> **Study material**
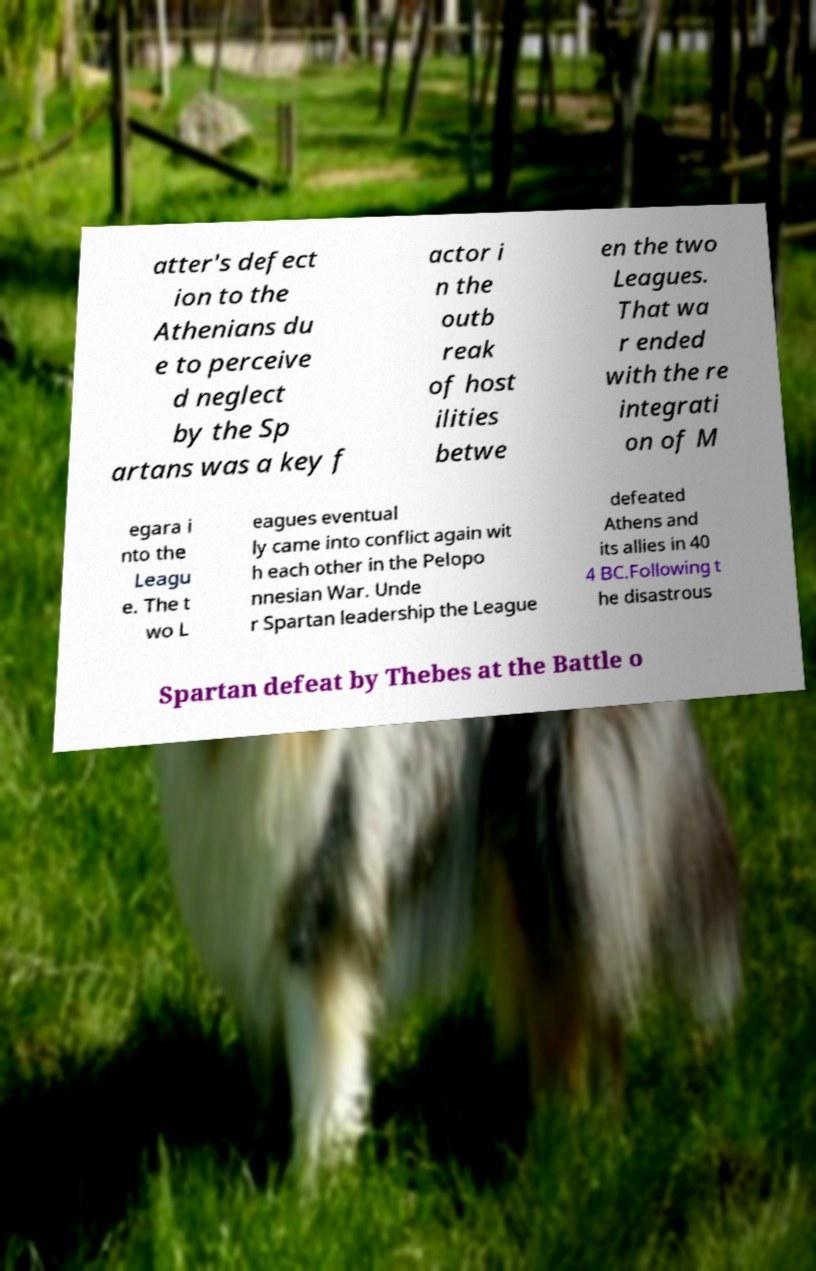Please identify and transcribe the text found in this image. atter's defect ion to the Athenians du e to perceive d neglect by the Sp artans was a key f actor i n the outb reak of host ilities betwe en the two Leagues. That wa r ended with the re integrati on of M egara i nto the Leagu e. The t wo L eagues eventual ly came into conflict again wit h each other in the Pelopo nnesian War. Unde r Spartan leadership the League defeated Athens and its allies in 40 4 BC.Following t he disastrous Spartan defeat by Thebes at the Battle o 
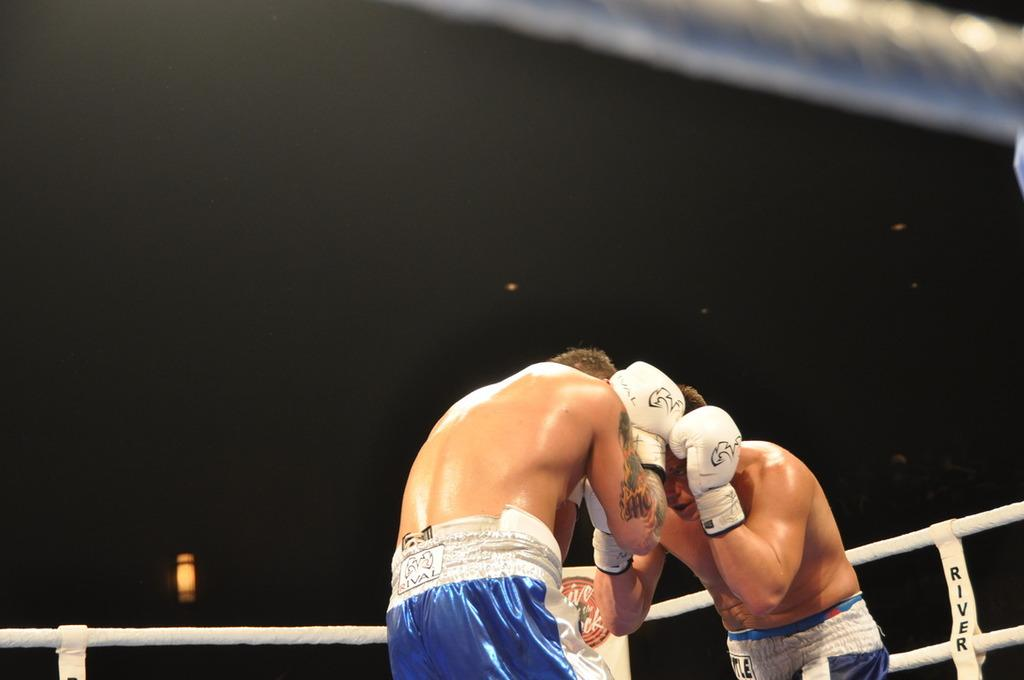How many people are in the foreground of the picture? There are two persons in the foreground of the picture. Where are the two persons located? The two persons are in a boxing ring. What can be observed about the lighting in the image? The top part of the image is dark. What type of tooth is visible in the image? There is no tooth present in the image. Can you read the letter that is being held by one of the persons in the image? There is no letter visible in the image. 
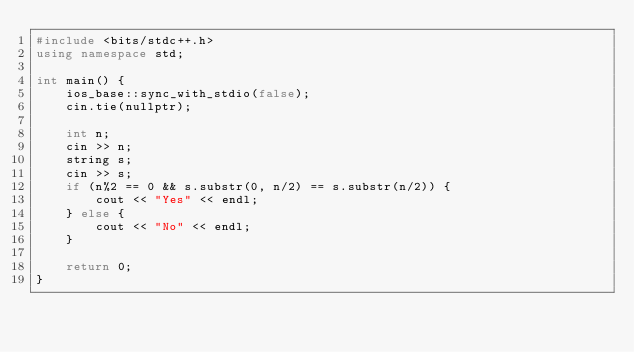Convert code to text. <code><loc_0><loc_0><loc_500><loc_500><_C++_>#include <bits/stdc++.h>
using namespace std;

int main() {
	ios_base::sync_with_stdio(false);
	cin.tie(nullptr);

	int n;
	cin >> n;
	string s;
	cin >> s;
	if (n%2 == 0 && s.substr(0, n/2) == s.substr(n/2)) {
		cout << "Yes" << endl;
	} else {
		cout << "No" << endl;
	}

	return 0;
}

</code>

> **Work to complete**
Set out, exactly as written, the lines from the line with "if (n%2 == 0" to the last line of the records, inclusive, and only those lines.

> **Worked solution**
	if (n%2 == 0 && s.substr(0, n/2) == s.substr(n/2)) {
		cout << "Yes" << endl;
	} else {
		cout << "No" << endl;
	}

	return 0;
}

</code>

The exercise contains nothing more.